Theta and alpha are each acute angles in standard position. Sin theta=3/5 and cos alpha=12/13. Determine cos(alpha+theta)

To determine cos(alpha+theta), we first need to determine the values of sin(alpha) and cos(theta).

Since sin(theta) = 3/5, we can determine the value of cos(theta) using the Pythagorean identity sin^2(theta) + cos^2(theta) = 1.

(3/5)^2 + cos^2(theta) = 1
9/25 + cos^2(theta) = 1
cos^2(theta) = 16/25
cos(theta) = ±4/5

Since theta is an acute angle, cos(theta) must be positive. So, cos(theta) = 4/5.

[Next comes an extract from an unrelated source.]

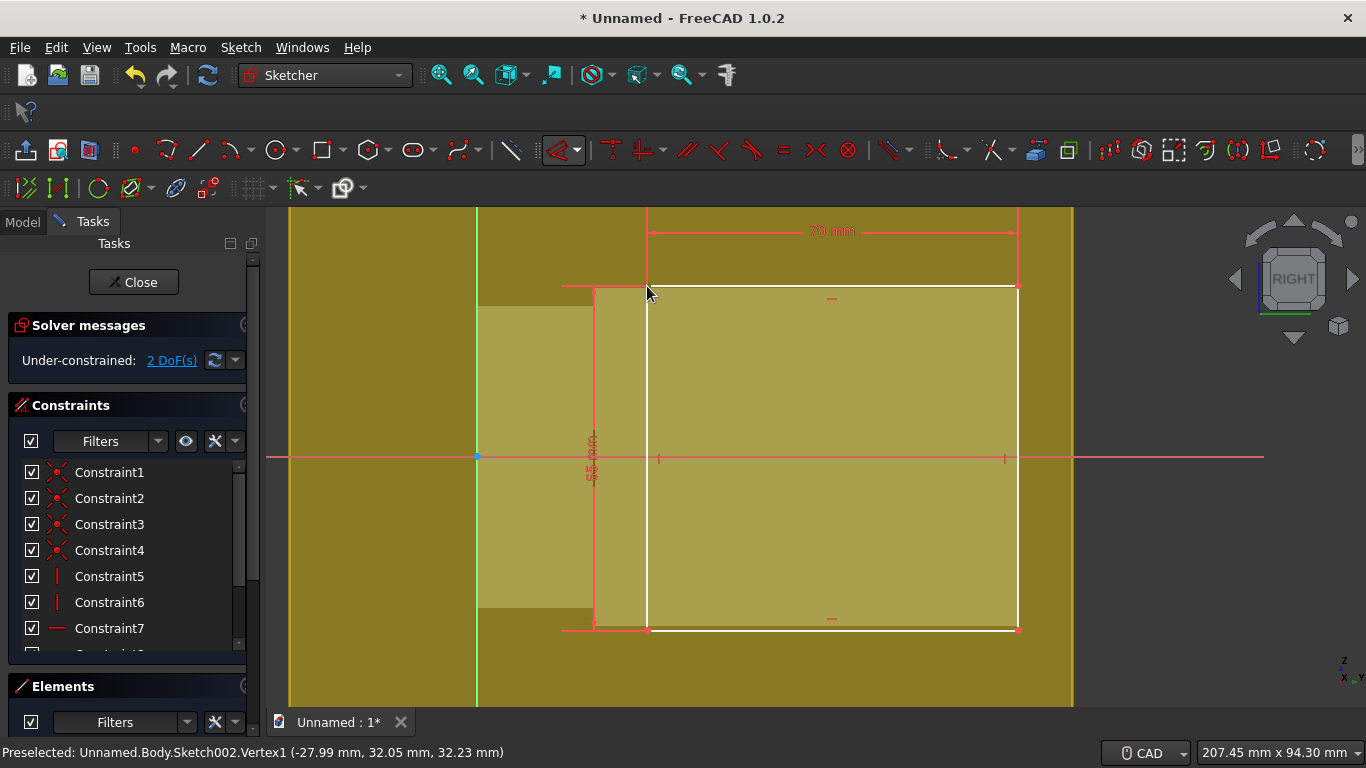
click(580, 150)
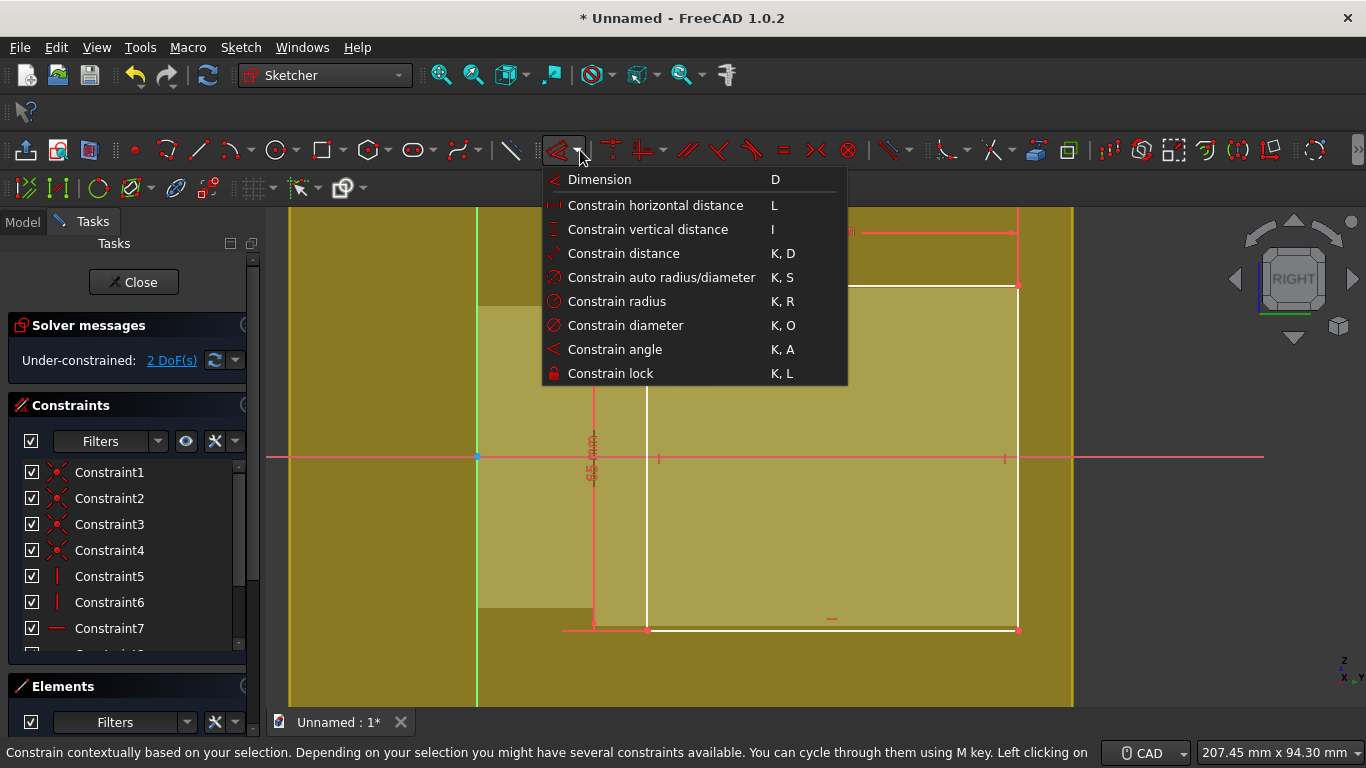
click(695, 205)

Similarly, since cos(alpha) = 12/13, we can determine the value of sin(alpha) using the Pythagorean identity sin^2(alpha) + cos^2(alpha) = 1.

sin^2(alpha) + (12/13)^2 = 1
sin^2(alpha) + 144/169 = 1
sin^2(alpha) = 25/169
sin(alpha) = ±5/13

Since alpha is an acute angle, sin(alpha) must be positive. So, sin(alpha) = 5/13.

Now, we can use the angle addition formula for cosine:
cos(alpha+theta) = cos(alpha)cos(theta) - sin(alpha)sin(theta)
cos(alpha+theta) = (12/13)(4/5) - (5/13)(3/5)
cos(alpha+theta) = 48/65 - 15/65
cos(alpha+theta) = 33/65

Therefore, cos(alpha+theta) = 33/65.